WORK INSTRUCTION
What needs transcribing is the line with "Locate the text" and every line after it to the end of the records, exactly and alone, with no pictures.

____ TASK DATA

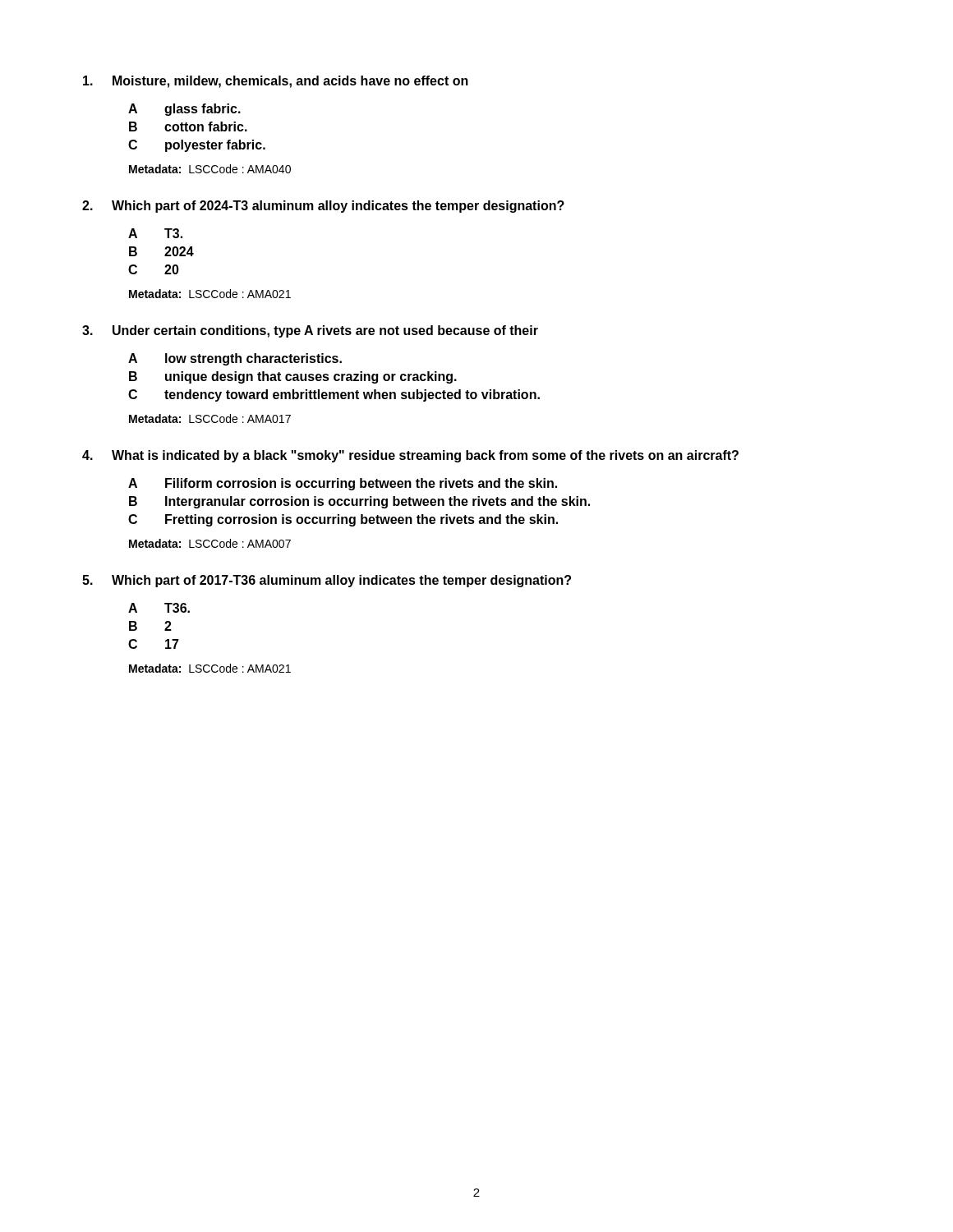Point to "Metadata: LSCCode : AMA017"

pos(210,419)
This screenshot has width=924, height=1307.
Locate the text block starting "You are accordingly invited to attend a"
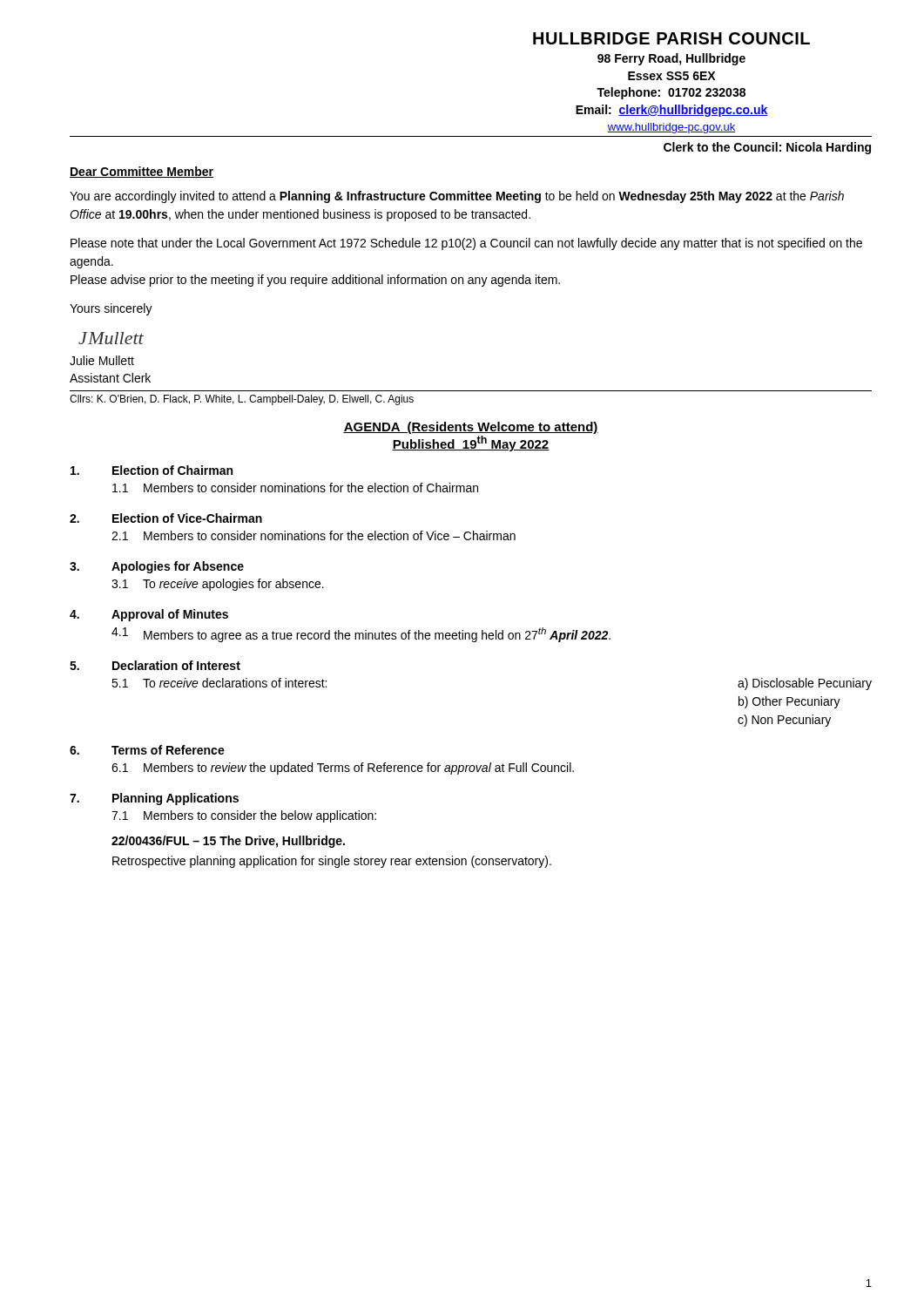(x=457, y=205)
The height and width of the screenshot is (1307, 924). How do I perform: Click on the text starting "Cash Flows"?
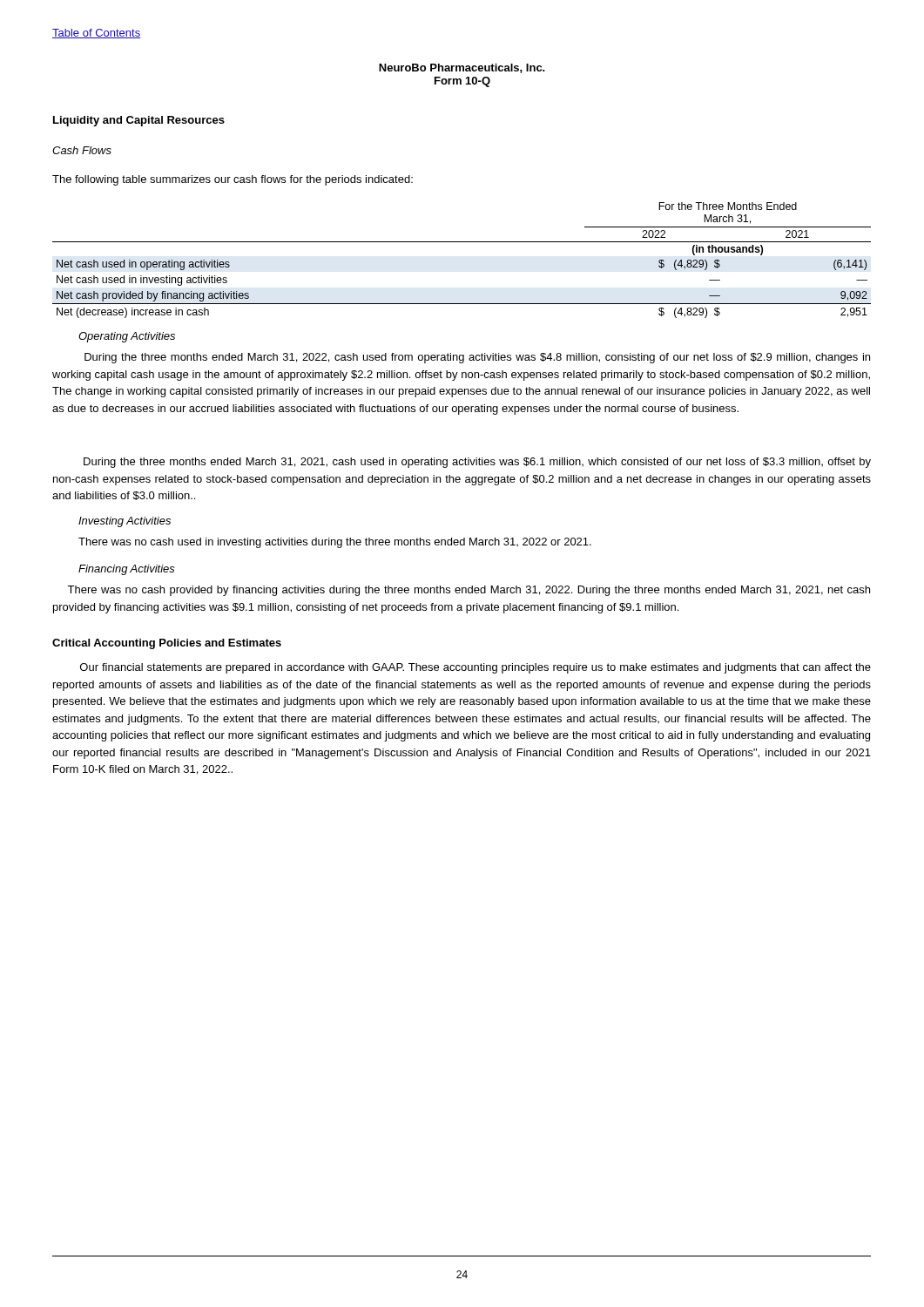click(x=82, y=150)
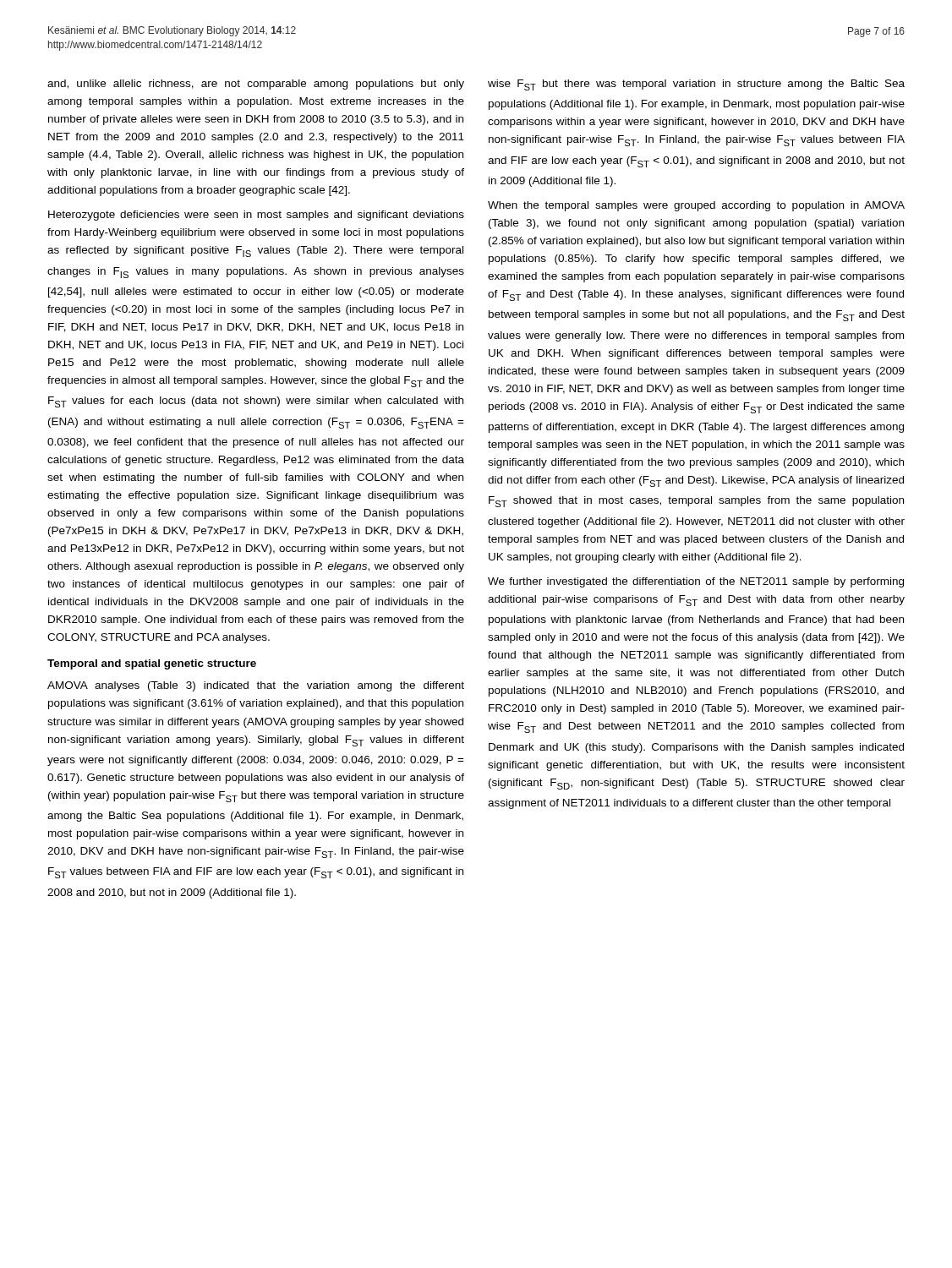Find the text block that says "AMOVA analyses (Table 3) indicated that the"
This screenshot has width=952, height=1268.
[x=256, y=789]

________

RESPONSE FOR THIS EXERCISE
Locate the text block starting "You are accordingly invited to attend a"
(x=457, y=205)
The height and width of the screenshot is (1307, 924). How do I perform: Click on the text starting "Cash Flows"?
click(x=82, y=150)
Find the text block that says "AMOVA analyses (Table 3) indicated that the"
This screenshot has width=952, height=1268.
[x=256, y=789]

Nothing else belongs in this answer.